Our patient was immunocompromised due to diabetes and treatment with azathioprine and prednisolone for muscular sarcoidosis. Prednisolone has also been highlighted previously as a risk factor in phaeohyphomycosis due to its undesirable effects on the skin barrier, especially increased skin fragility (7). Considering our patient’s medical history it is possible that the primary ulcer was trauma-related due to a fragile skin barrier and exacerbated by fungal infection. However, the patient denied any trauma. Differential diagnosis in these cases includes vasculitis, pyoderma gangrenosum, warfarin necrosis, cutaneous leishmaniasis, chromoblastomycosis and eumycetoma. In our case sarcoidosis was also considered and excluded.

There is no standard protocol for treating subcutaneous alternariosis, or indeed any of the phaeohyphomycoses (4). Surgical removal is generally the treatment of choice for small, single or non-numerous lesions (8).

A combination of surgical excision with oral antifungals is advised for larger or numerous lesions, as oral antifungals alone are usually insufficient. Itraconazole is usually the treatment of choice and long-term treatment is generally recommended. The recommended treatment durations varies widely (from 3 to longer than 12 months) and should be guided by clinical evaluation. Dose should be guided by regular serum concentration measurements of the chosen antifungal agent.

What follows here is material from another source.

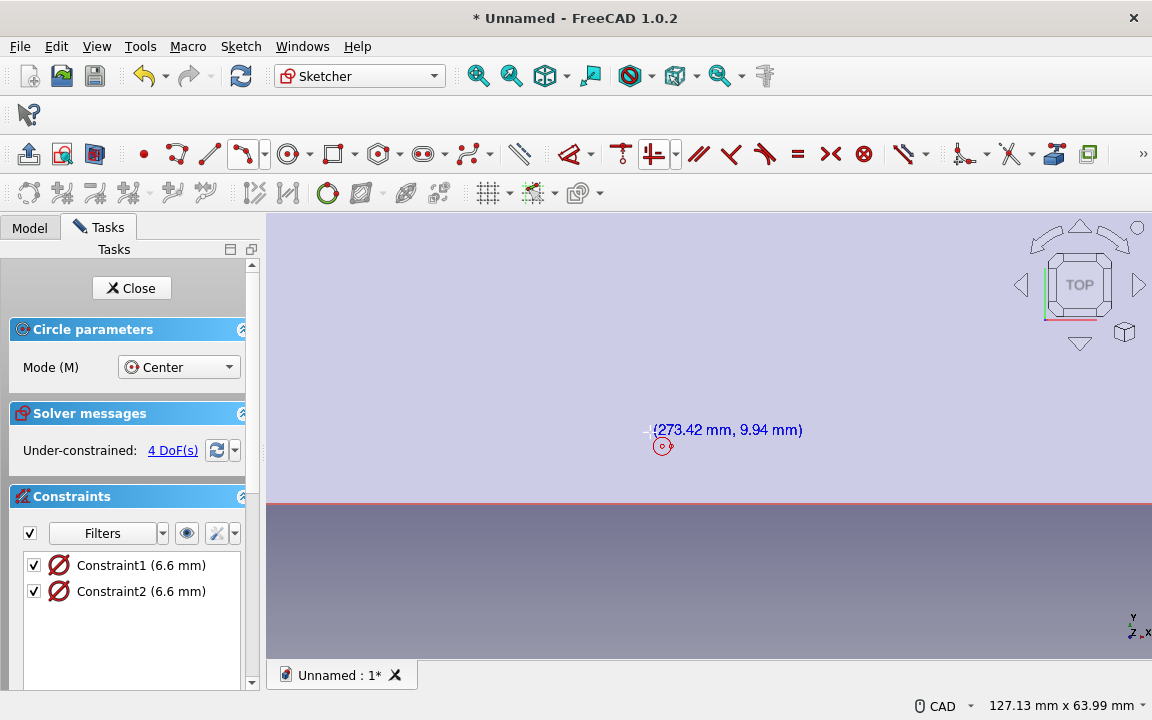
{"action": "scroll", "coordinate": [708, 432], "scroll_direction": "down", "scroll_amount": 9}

Additional treatment options include the newer triazoles, voriconazole and, posaconazole (3, 4, 9). Results of antifungal susceptibility testing may be helpful to determine the optimal antifungal agent. However, the evidence for in vitro/in vivo correlation is still sparse.

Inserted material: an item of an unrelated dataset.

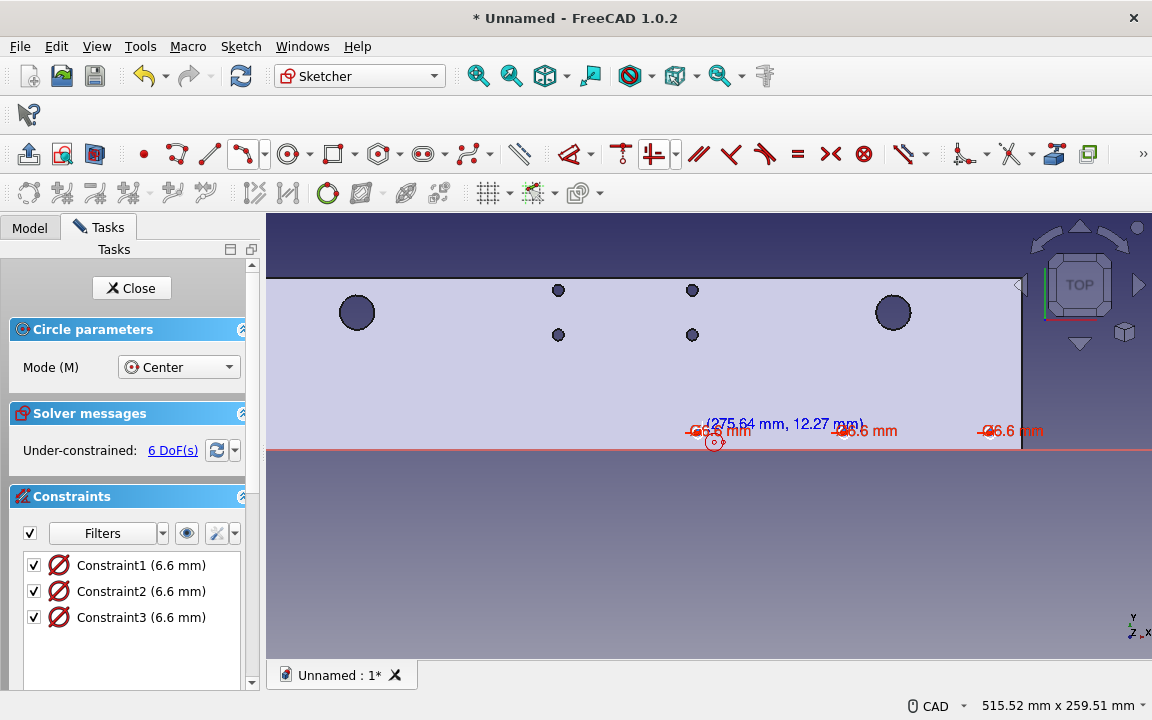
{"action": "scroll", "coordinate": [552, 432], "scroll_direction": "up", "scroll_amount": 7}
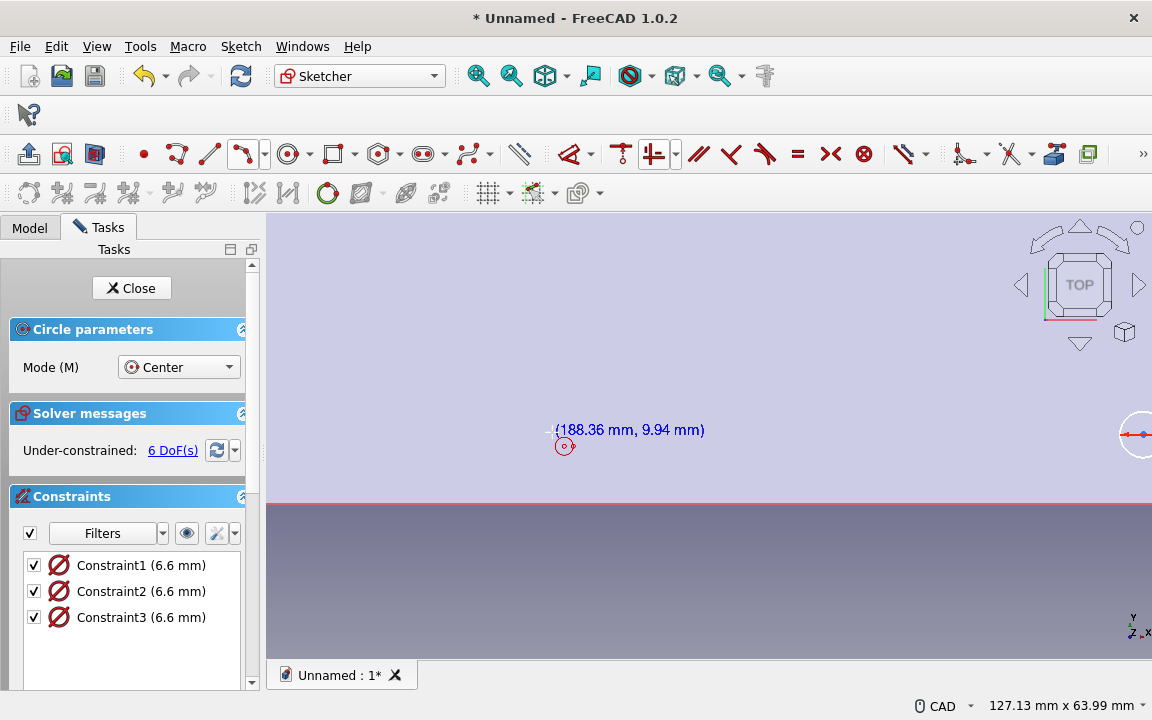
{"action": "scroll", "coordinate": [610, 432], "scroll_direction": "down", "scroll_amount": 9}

Close follow-up is required and should include evaluation by culture and histopathology to ensure mycological cure.

Physicians should be aware of the possibility of deep mycotic skin infections in patients presenting with atypical ulcerating skin lesions, especially in immunocompromised individuals. This case reminds us that deep skin mycosis is most effectively diagnosed by correlating clinical and histopathological findings with macroscopic and microscopic examination of cultures. Furthermore, molecular methods are a valuable tool in the identification process.

ACKNOWLEDGEMENTS

The authors would like to thank director Dr Elizabeth M. Johnson and her team of The Mycology Reference Laboratory, Microbiology Services Division, PHE South West Laboratory Myrtle Road, Bristol, BS2 8EL, UK.

Consent: Informed consent was obtained from the patient for publication of this manuscript and all accompanying images.

The authors declare no conflicts of interest.